**Task**: Go through each line of the entries below and tally those containing the string "plaatsen"; give only the total.

Start of Exercise input

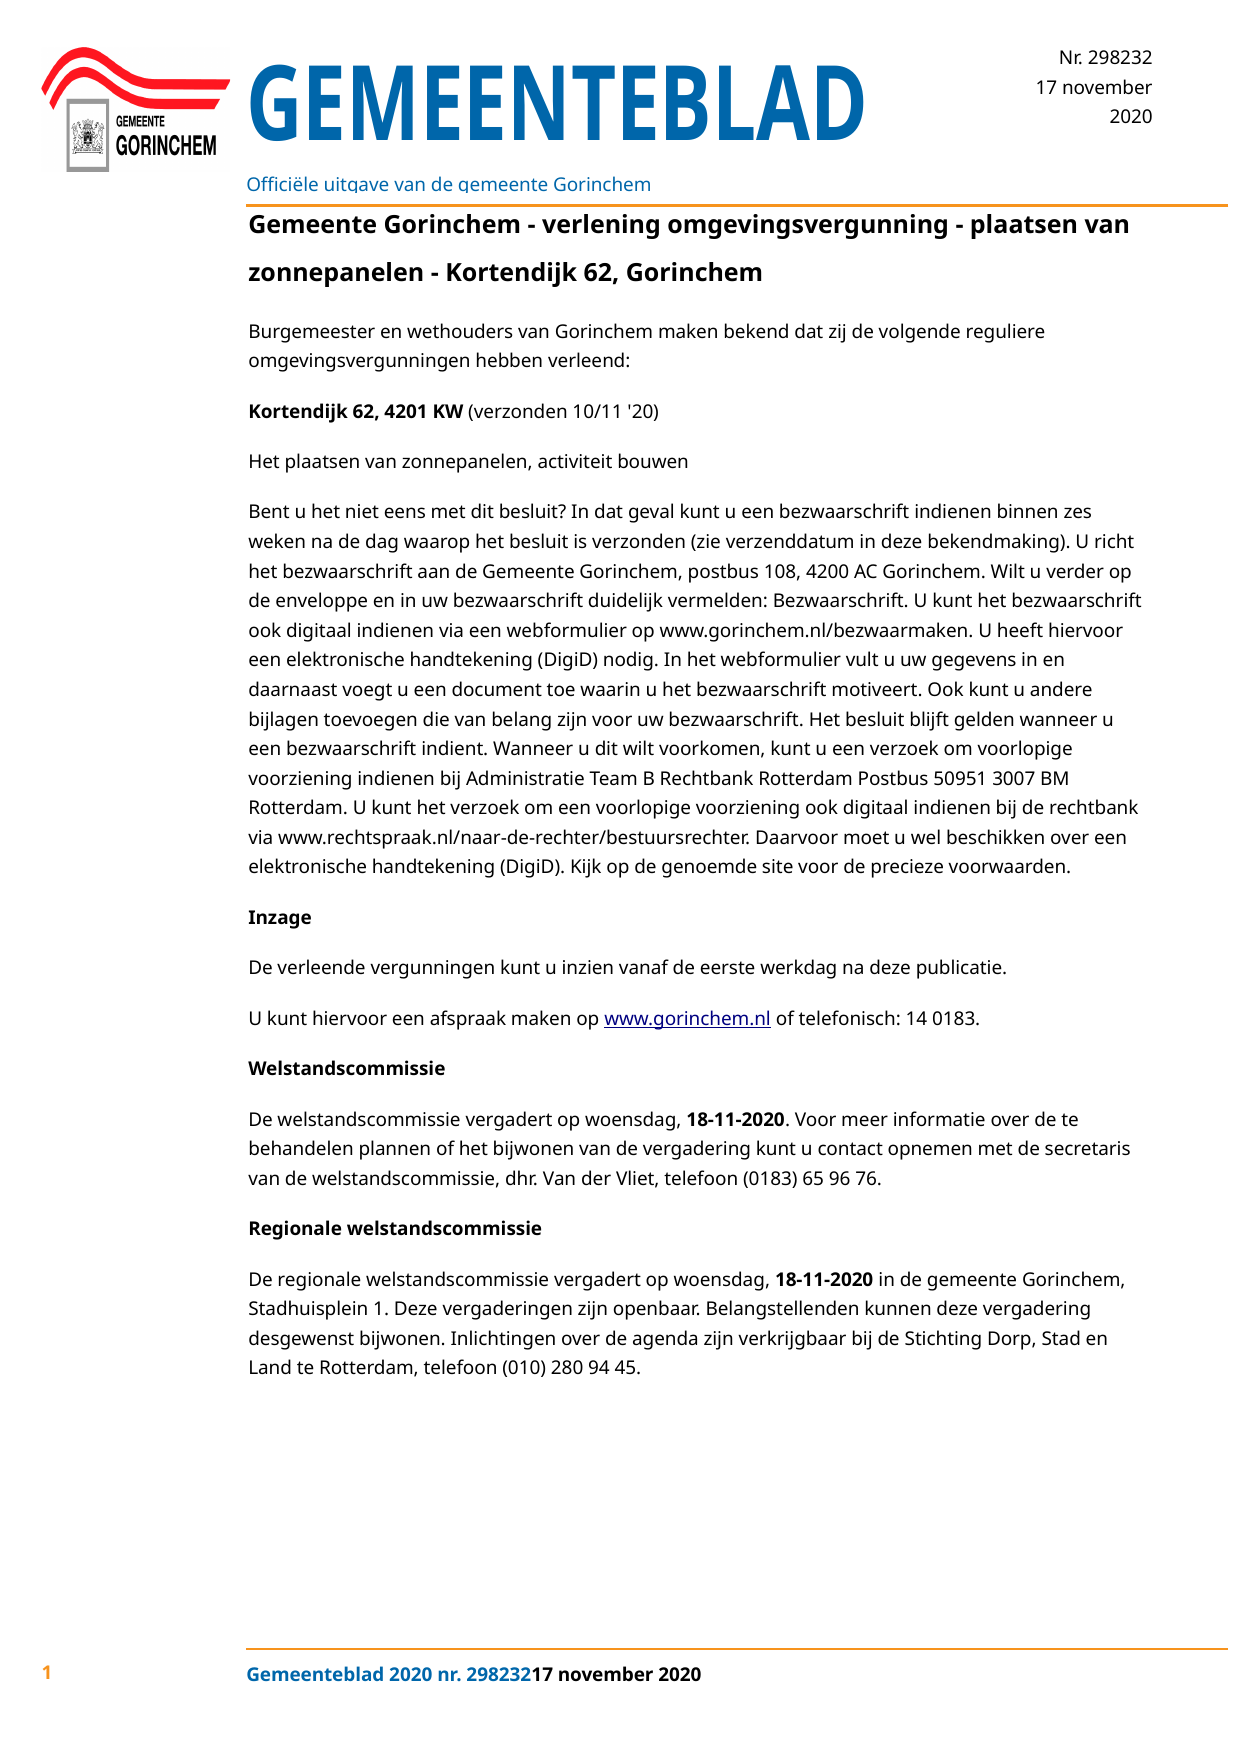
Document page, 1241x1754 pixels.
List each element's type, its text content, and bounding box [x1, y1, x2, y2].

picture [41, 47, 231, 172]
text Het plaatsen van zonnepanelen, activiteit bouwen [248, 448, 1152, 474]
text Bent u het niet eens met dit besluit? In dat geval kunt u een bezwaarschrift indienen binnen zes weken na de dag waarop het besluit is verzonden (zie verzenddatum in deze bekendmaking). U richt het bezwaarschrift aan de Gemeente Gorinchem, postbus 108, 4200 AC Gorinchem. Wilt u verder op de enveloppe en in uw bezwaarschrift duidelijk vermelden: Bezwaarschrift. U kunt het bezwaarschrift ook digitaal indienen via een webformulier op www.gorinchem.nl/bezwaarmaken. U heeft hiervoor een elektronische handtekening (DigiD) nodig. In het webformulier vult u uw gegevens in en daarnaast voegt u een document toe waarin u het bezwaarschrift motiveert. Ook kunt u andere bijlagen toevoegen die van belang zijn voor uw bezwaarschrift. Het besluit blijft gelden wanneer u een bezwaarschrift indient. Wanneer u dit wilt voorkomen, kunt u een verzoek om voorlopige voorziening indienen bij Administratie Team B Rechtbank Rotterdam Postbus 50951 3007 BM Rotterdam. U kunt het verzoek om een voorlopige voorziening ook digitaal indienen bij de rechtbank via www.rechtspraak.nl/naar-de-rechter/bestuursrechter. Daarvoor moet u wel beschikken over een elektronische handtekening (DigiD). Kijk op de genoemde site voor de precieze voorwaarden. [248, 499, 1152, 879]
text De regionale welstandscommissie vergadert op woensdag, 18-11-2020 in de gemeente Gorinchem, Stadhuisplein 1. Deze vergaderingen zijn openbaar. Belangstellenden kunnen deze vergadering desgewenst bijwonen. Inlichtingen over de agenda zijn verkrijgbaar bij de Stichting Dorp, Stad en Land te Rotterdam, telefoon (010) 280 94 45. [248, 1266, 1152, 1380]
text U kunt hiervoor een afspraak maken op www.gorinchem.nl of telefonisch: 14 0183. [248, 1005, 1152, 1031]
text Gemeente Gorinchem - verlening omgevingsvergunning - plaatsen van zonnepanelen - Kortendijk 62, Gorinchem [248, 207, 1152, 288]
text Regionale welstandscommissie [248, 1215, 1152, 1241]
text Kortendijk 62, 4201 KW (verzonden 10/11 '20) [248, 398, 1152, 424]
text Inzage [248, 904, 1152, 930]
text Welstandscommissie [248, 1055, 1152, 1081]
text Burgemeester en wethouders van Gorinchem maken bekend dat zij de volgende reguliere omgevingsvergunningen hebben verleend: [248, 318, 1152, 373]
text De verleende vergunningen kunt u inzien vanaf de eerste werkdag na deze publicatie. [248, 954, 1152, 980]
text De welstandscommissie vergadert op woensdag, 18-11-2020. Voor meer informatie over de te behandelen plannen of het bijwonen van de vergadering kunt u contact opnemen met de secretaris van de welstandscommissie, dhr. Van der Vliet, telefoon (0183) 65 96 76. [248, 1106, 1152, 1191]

End of Exercise input

**Task response**: 2